DATA EXTRACT:
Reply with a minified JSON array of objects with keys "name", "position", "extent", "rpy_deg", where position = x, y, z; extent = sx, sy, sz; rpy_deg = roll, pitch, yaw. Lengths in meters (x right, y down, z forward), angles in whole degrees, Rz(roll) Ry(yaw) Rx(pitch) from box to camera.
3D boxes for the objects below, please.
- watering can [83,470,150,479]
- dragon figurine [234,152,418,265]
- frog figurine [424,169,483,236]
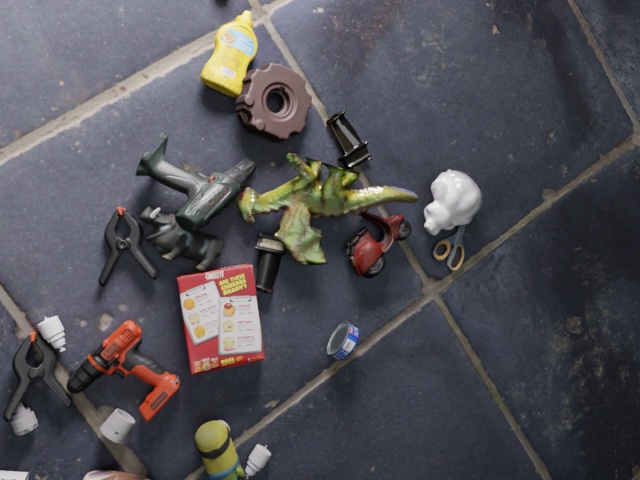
[{"name":"watering can","position":[-0.391,0.604,1.065],"extent":[0.347,0.225,0.104],"rpy_deg":[15,-5,-14]},{"name":"dragon figurine","position":[0.004,-0.059,1.181],"extent":[0.410,0.242,0.122],"rpy_deg":[18,3,-4]},{"name":"frog figurine","position":[0.317,-0.088,1.265],"extent":[0.161,0.135,0.123],"rpy_deg":[-44,25,-21]}]
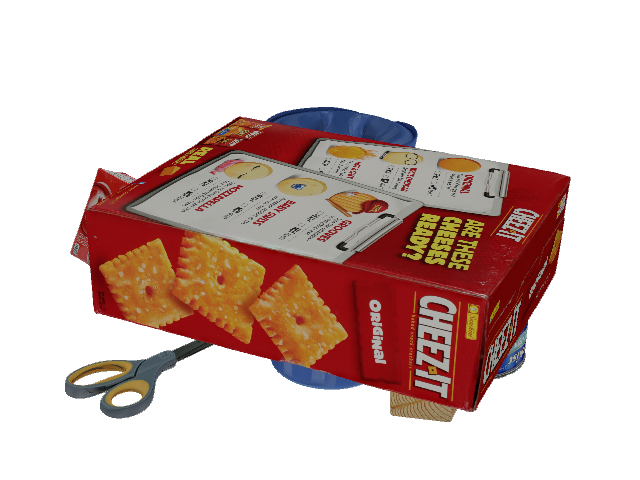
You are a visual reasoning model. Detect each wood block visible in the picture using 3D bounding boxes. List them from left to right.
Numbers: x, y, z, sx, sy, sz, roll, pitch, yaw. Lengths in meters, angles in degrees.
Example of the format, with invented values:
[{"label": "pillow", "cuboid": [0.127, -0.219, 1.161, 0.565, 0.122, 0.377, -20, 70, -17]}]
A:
[{"label": "wood block", "cuboid": [0.170, 0.180, 1.570, 0.091, 0.090, 0.205, 4, 17, 17]}]

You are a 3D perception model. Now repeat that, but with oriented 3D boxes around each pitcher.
[{"label": "pitcher", "cuboid": [0.005, 0.011, 0.958, 0.149, 0.243, 0.145, -2, 23, -12]}]

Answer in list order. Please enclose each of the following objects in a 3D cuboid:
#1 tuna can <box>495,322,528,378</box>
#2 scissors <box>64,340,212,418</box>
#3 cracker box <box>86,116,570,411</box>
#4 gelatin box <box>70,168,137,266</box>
[{"label": "tuna can", "cuboid": [0.107, 0.065, 0.775, 0.086, 0.034, 0.086, 1, 24, -1]}, {"label": "scissors", "cuboid": [-0.154, 0.132, 1.075, 0.201, 0.016, 0.096, -12, 31, -29]}, {"label": "cracker box", "cuboid": [0.009, 0.003, 0.579, 0.214, 0.072, 0.164, 13, 28, 22]}, {"label": "gelatin box", "cuboid": [-0.148, -0.007, 0.815, 0.089, 0.073, 0.030, 27, 11, 39]}]
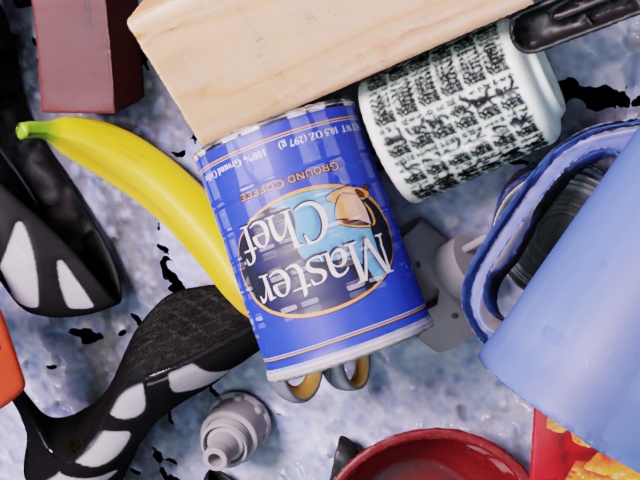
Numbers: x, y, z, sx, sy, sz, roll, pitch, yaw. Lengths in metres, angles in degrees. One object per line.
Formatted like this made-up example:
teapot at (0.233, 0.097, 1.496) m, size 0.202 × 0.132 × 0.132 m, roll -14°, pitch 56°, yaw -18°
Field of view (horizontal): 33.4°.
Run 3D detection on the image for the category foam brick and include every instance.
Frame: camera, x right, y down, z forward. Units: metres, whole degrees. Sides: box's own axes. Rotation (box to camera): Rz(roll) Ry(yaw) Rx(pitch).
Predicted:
foam brick at (-0.148, -0.124, 0.689) m, size 0.053 × 0.051 × 0.078 m, roll 4°, pitch 109°, yaw 12°

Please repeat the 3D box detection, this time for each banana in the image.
banana at (-0.106, -0.023, 0.703) m, size 0.198 × 0.069 × 0.037 m, roll 37°, pitch 134°, yaw -5°

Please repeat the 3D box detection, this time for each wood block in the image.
wood block at (0.008, -0.145, 0.609) m, size 0.206 × 0.090 × 0.090 m, roll -21°, pitch 116°, yaw 21°

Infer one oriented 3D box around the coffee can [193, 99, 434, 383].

PROBLEM STATEMENT: Locate the string "right" in the listing above and copy every line where it occurs.

EXERCISE SOLUTION:
Reply with a minified JSON array of objects with keys "name", "position", "extent", "rpy_deg", where position = x, y, z; extent = sx, sy, sz; rpy_deg = roll, pitch, yaw. Lengths in meters (x right, y down, z forward), angles in whole degrees, Rz(roll) Ry(yaw) Rx(pitch) from box to camera.
You are a visual reasoning model. Detect each wood block visible in the picture using 3D bounding boxes. List them from left to right.
Frame: camera, x right, y down, z forward. Units: metres, whole degrees. Sides: box's own axes. Rotation (box to camera): Rz(roll) Ry(yaw) Rx(pitch).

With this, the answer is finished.